Napsal(a) New Christian Bible Study Staff, Julian Duckworth

Joshua 7: The defeat at Ai, and the sin of Achan.

This chapter opens with the statement that Israel had sinned at Jericho, because an Israelite named Achan had kept something for himself, against the Lord's commandment. (But Joshua doesn't know this yet.)

The great victory at Jericho was quickly followed by an embarrassing defeat at Ai. The Israelites hadn't expected much difficulty in taking Ai, and sent just a few thousand men to attack it. They were routed.

Spiritually, we might say that pride goes before a fall, but more specifically, in the work of our regeneration we are never to rest on our laurels, but to always stay alert to each situation and how we are internally handling it. (Apocalypse Revealed 158)

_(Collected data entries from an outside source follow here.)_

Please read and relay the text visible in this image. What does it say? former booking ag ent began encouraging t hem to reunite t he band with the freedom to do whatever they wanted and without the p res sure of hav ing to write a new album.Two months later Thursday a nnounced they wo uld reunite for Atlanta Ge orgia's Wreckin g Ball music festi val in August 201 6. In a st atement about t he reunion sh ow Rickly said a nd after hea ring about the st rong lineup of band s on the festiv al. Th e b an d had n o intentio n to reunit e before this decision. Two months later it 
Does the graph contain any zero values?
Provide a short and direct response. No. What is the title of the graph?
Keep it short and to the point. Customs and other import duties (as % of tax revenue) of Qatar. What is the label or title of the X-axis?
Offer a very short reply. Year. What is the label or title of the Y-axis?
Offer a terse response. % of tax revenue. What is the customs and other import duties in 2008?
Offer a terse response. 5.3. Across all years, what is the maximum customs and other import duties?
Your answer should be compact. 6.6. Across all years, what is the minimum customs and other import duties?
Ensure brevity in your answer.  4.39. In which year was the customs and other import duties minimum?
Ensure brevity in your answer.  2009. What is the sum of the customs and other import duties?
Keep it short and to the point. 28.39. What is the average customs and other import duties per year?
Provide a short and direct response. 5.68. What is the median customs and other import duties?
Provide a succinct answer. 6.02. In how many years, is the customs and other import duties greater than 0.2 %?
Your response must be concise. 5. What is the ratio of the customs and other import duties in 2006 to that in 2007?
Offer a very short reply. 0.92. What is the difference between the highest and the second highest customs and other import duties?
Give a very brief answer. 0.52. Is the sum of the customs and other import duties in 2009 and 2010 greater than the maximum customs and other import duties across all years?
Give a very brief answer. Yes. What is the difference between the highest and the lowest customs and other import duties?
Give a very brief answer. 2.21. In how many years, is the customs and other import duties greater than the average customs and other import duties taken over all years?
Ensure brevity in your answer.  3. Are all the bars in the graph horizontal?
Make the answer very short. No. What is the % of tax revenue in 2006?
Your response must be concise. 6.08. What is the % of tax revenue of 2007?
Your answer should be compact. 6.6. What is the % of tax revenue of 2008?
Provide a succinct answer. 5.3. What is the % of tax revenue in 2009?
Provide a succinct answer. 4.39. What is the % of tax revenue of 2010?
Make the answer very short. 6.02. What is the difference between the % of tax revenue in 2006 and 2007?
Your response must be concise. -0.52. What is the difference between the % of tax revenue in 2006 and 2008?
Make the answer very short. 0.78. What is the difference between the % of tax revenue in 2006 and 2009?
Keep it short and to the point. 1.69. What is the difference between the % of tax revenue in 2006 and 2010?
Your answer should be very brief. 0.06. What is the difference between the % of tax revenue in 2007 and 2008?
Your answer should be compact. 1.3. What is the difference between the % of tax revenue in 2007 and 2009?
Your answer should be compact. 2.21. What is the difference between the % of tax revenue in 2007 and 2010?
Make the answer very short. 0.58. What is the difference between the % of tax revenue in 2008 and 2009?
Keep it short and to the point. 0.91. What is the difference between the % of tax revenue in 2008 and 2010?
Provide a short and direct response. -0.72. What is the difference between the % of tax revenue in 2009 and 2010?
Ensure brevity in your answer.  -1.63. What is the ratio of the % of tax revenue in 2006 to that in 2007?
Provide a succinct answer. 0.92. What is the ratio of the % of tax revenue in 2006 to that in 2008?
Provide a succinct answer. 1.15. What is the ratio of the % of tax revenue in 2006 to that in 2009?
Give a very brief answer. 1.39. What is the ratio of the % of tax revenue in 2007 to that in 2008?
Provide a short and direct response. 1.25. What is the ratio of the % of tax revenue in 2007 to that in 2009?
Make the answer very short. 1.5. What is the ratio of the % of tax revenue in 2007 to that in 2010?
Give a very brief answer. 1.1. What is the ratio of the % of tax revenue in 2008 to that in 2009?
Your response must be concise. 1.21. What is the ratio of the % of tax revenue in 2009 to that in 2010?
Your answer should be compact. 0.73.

Understandably, Joshua pours out his heart to the Lord, wondering why they have even crossed over the Jordan to simply be destroyed. The Lord tells him that their defeat at Ai was because Israel sinned by taking some of the forbidden things of Jericho. The Lord explains how to put this right, by identifying the wrongdoer and destroying him and his family.

Note the weakness of Joshua (as earlier also with Moses at times) when things go wrong and he feels confused, full of doubt, hurt and afraid. When things go well, we go well; when things go badly, we tend to go to pieces. And we ask, “Why? Why this, why me, why now?”

The Lord’s answer is a command, “Get up! Why are you lying on your face?” This is a pretty plain meaning: The Lord wants us to use such setbacks to be able to go forward, seeing the problem as a challenge and an opportunity and learning point.

Joshua is told to find the source of the wrong and the defeat. From all the tribes, one tribe will be selected by the Lord. From all its families, one family will be chosen. From all its households, one household will be chosen, and from that household, one man will be chosen. And Achan was the man and he is brought out. (Arcana Caelestia 5135)

This drawing-by-lot is a remarkable picture of our spiritual self-examination. We’re told that to make our general confession of ‘having done what we should not have done’ is almost worthless because we are likely to just carry on the same afterwards. (Arcana Caelestia 8390) Our personal inventory must be specific. What kind of thoughts have I been allowing myself recently? What did that make me feel in my heart? Did I welcome it or want nothing to do with it? It’s a kind of pinpointing, and it leads us to Achan, whose name in Hebrew means ‘trouble’ and ‘troubler’. (The New Jerusalem and its Heavenly Doctrine 164)

Achan, discovered, doesn't hide or deny his wrongdoing but openly admits that he has sinned against the Lord. He'd seen a beautiful garment, much silver, and a chunk of gold, and took them, and hid them in the earth in the middle of his tent. He confesses and indeed, his confession is transparent. So must our confession be when we see things in ourselves that go against the Lord’s truths and ways. They bring forth his stolen goods from his tent.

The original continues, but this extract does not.